Murugan writes, “Their whole thought was about registering themselves in Vijay’s mind. So no one came forward to manage the crowd.”
A farce with tragic edges?
The piece captures the exclusivity Vijay maintains even with his own party men, leaving them begging for scraps of attention, while the crowd is left to fend for itself.

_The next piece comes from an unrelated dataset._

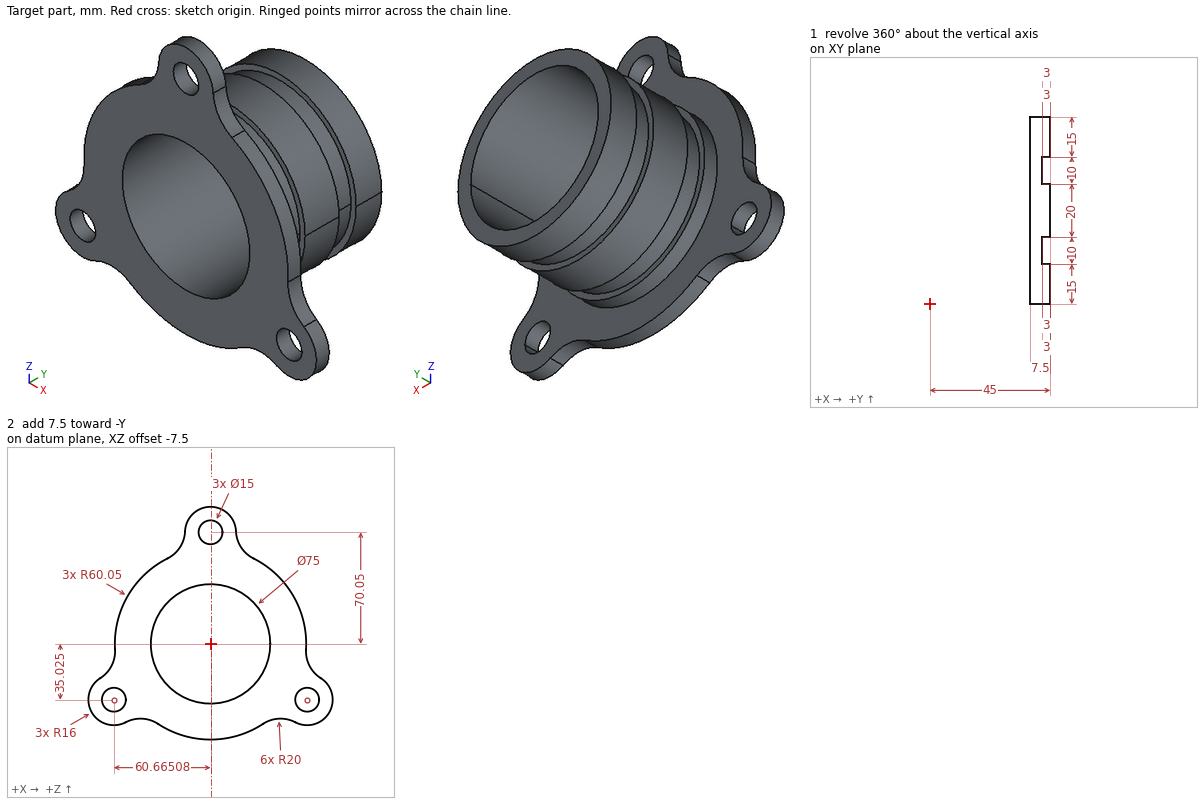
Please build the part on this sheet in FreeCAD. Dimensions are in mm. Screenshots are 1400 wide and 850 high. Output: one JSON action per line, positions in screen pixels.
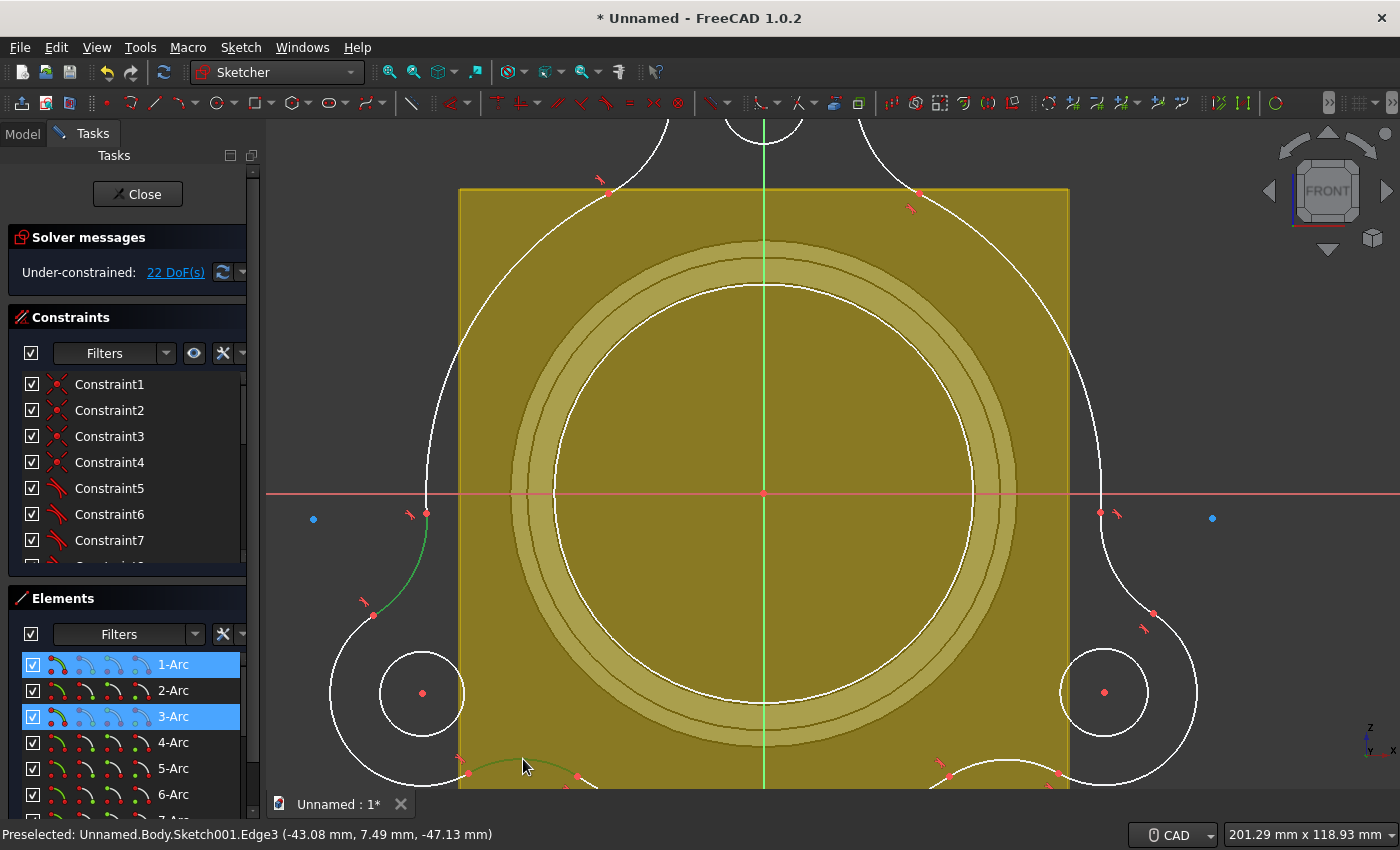
{"action": "left_click", "coordinate": [1003, 760]}

“Usually, when political leaders visit a town, they stay for a few hours at the government guest house or a private lodge, meet district functionaries, discuss party and district issues, give guidance, and check on the arrangements. In TVK, it was not so. Neither the district secretary nor other functionaries had any opportunity to meet Vijay. It was only ‘Bussy’ Anand who met them and spoke,” Murugan wrote.
Doctors worked without food or tea till six in the evening at Namakkal. Some patients who regained consciousness asked, “Has Vijay left?” When told he had already come, they ripped out glucose drips and tried to run back into the rally.
The closing note
The blog ends on a sharp edge. The district secretary, Sathish Kumar, has since been booked. His anticipatory bail plea was dismissed.
But Murugan’s piece offers no loud judgment. His sentences carry the plain inevitability of a town overwhelmed. The detail is precise. The tragedy is only a few hours away in Karur, but in Namakkal, it is already written in miniature.
Murugan’s piece reads like a mirror – of fans who arrive at dawn without water, of leaders who seek only to be seen, and of a state learning what it means when cinema becomes politics.
(Murugan is a celebrated Tamil writer known for exploring rural caste dynamics and social realities. In 2014, after his novel, Madhorubhagan, faced violent backlash from caste organisations and Hindutva groups in Namakkal — including book burnings and threats — Murugan was forced to sign an apology and declared “writer Perumal Murugan is dead.” The coordinated campaign, which included threats to his family and public demands for censorship, led to his self-imposed literary silence and temporary exile from his hometown. Only later, a Madras High Court judgment helped restore his creative freedom.)